Background Check System May Include Cram Schools, Sports Clubs
16:20 JST, August 21, 2023
The Children and Families Agency is considering allowing child-focused private businesses such as tutoring schools and sports clubs the use of its database system to check on a voluntary basis if potential employees have sex crime records, it has been learned.
The mandatory application of the system — known as the Japanese version of Britain’s Disclosure and Barring Service (DBS) — is already planned for background checks on staff employed by schools, daycare centers, kindergartens and children’s institutions, among other facilities. But it had been considered difficult to mandate the use for private businesses because there is no law that defines the duties of such businesses.
Marks of compliance will be given by the government to businesses that use the DBS. The government is expected to submit a related bill at an extraordinary Diet session in autumn at the earliest.

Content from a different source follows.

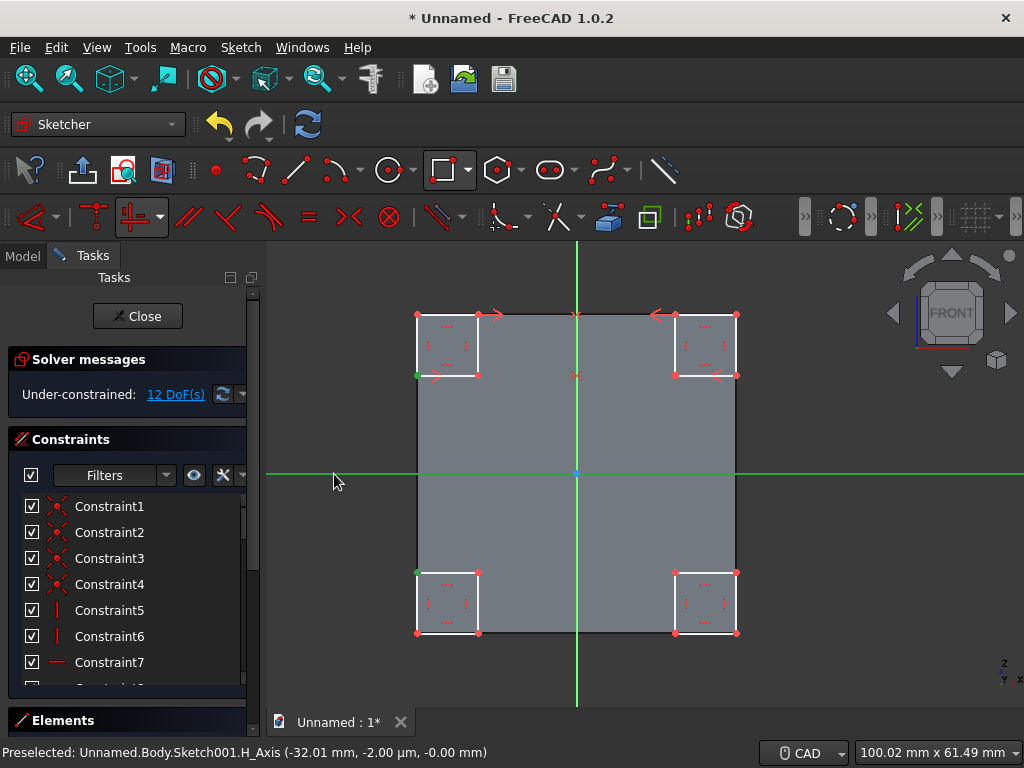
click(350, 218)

The agency’s expert committee has been discussing the establishment of the DBS since June, and will finalize a draft in September.

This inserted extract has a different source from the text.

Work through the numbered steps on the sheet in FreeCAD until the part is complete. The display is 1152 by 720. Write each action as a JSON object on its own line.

Under the Japanese version of the DBS, the Children and Families Agency manages a system that records sex crime cases, and if anyone inquired about has any record of a sexual offense, they will be barred from working with children. The types of sex offenses are expected to be mainly Penal Code offenders.

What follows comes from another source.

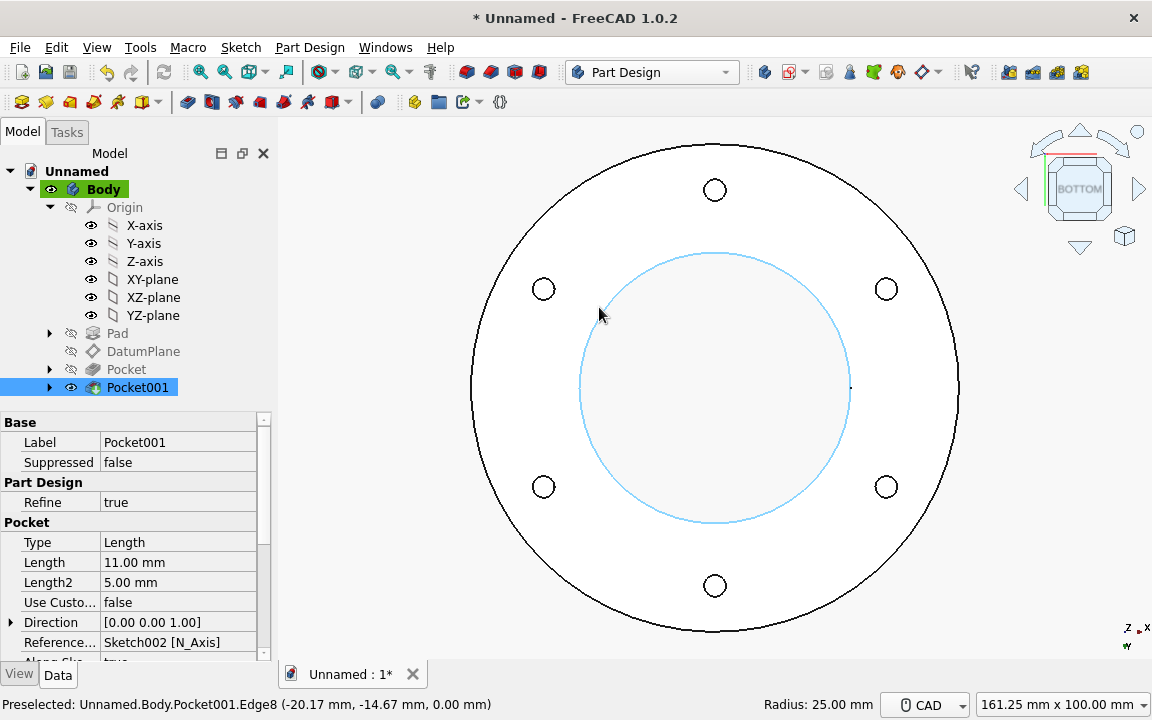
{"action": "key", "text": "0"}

It is envisioned that the use of the DBS by private schools and other businesses will be on a voluntary basis because there is no law that defines their duties. The government will examine and allow businesses that meet certain requirements to use it.
By giving a stamp of approval with compliance marks, the government hopes to push the use of the DBS by promoting its reliability.
In response to a string of sex crime cases reported against children outside schools at private facilities, a Tokyo-based certified nonprofit organization called Florence that provides childcare support began an online petition on Aug. 10 to make all jobs that involve children subject to a DBS check. It had collected about 70,000 signatures as of Sunday.